» Feline coryza




Feline coryza


Feline coryza, or rhinotracheitis, is an upper respiratory infection affecting cats. It is one of the most common reasons for seeking veterinary care in feline medicine and a source of major concern due to the emergence of what are known as hypervirulent forms.


Feline coryza syndrome has similarities with kennel cough in dogs and in fact both are “umbrella” diseases in which several viruses and bacteria play a role.

The four main pathogens involved are:

  • Bordetella bronchiseptica

Bordetella bronchiseptica, a bacterium that is also implicated in canine kennel cough and can be transmitted to cats via this route. It is rarely the primary cause of coryza. It causes rhinitis and also bronchitis, which can develop into pneumonia.

B. Bronchiseptica is highly contagious and asymptomatic animals can be long-term carriers. It can also be reactivated. Note that the disease it causes is zoonotic, meaning it can be transmitted to humans and may pose a risk to immunocompromised individuals.

  • Feline calicivirus

Feline calicivirus (FCV) accounts for about 40% of reported coryza cases. Both hypovirulent and hypervirulent antigenic variants exist. Transmission is direct, via the airways. The virus preferentially lodges in the nasal epithelium, ocular conjunctiva, tongue and palate, where it takes hold and causes areas of necrosis or ulceration. In severe cases, following viremia (where the virus spreads throughout the body via the bloodstream), FCV may result in arthritis or pulmonary alveolitis. Chronic infections are possible, with persistent, lifelong viral shedding in 15-20% of infected cats.

A form of systemic infection with hypervirulent calicivirus is also found. This particularly aggressive and contagious mutant calicivirus causes viral haemorrhagic fever with oedema of the face and limbs, necrosis of the skin, paw pads and nose, icterus (jaundice), shortness of breath and sometimes sudden death. Mortality can be as high as 67%. Conventional vaccination is currently ineffective in the case of the mutant variant.

  • Chlamydophila felis

Chlamydophila felis accounts for some 30% of coryza cases. It is an intracellular bacterium with a tropism for the ocular (typical purulent conjunctivitis), nasal and bronchial conjunctiva. Transmission occurs through close direct contact. A chronic carrier state is possible because the bacterium may act as a commensal host.

  • Herpesvirus

Feline herpesvirus type 1 (FHV-1) accounts for 40% of coryza cases. It is the causative agent of potentially severe infectious feline viral rhinotracheitis. In fact, its tropism for the upper respiratory tract (ocular and nasal conjunctiva, oropharynx, trachea), the bronchi, bronchioles and neurons makes it a potentially dangerous virus, since it can cause encephalitis and pneumonia.

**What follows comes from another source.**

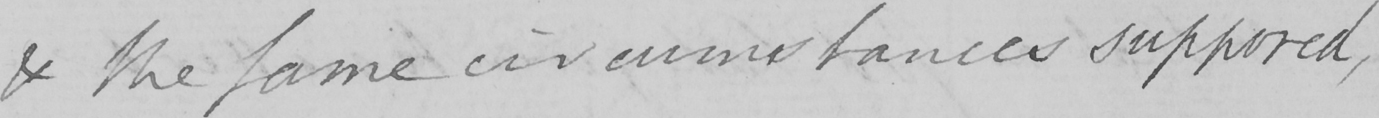Transcribe the text shown in this historical manuscript line. & the same circumstances supposed ,

Like many herpesviruses, it can remain in a latent state in neuronal ganglia, especially the trigeminal ganglion, in which case it is undetectable. All it takes to reactivate it is a drop in immunity, corticosteroid administration, stress or another disease, leading to infection and viral shedding. It is highly contagious and is transmitted through close direct contact, for example between a mother and her kitten.


Feline coryza typically presents with runny nose and eyes, sneezing, conjunctivitis, fever and anorexia.

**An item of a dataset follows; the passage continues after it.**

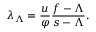Convert formula to latex. <formula><loc_0><loc_0><loc_500><loc_500>\lambda _ { \Lambda } = \frac { u } { \varphi } \frac { f - \Lambda } { s - \Lambda } .</formula>

Some symptoms are more pronounced, depending on the main causative agent. Superinfections are not uncommon and can lead to deep lung involvement, worsening the condition. Superinfections with the following have been reported:

  • Bordetella associated with coughing, swelling of the submandibular lymph nodes and crackles on auscultation;
  • Calicivirus, which presents in the form of painful tongue ulcers, halitosis and glossitis;
  • Chlamydophila, which mainly causes persistent conjunctivitis;
  • Herpesvirus, the most common symptoms of which are recurrent conjunctivitis and keratitis.


Coryza is much more common and serious in cats sharing close quarters, such as animal shelters and breeding facilities, in animals living in a precarious situation and in young cats not protected by vaccination or maternal antibodies.

Oropharyngeal or conjunctival swabs are used to identify the causative agents.


Treatment is palliative and is primarily intended to prevent bacterial superinfection by administering specific antibiotics for an extended period of time. Efforts must also be made to alleviate fever and the severe pain caused by ulcers, both of which lead to prolonged anorexia.

Sometimes affected cats need to be admitted and put on a drip. It may be necessary to place a nasogastric or oesophagostomy feeding tube to provide nutrition as quickly as possible. If a cat is not eating, it cannot make antibodies and risks developing hepatic lipidosis, commonly known as fatty liver.

Aerosol or inhalation therapy can be highly effective, particularly with Respi Miloa TM, which clears the airways and gives the animal a boost. A cat that has lost its sense of smell due to a congested nose stops eating and becomes debilitated.

To provide additional support, Immune Supp TM is the ideal choice to stimulate a cat’s natural defences.

Remember that sick animals must be isolated and quarantined, observing strict hygiene procedures, as all pathogens are extremely contagious.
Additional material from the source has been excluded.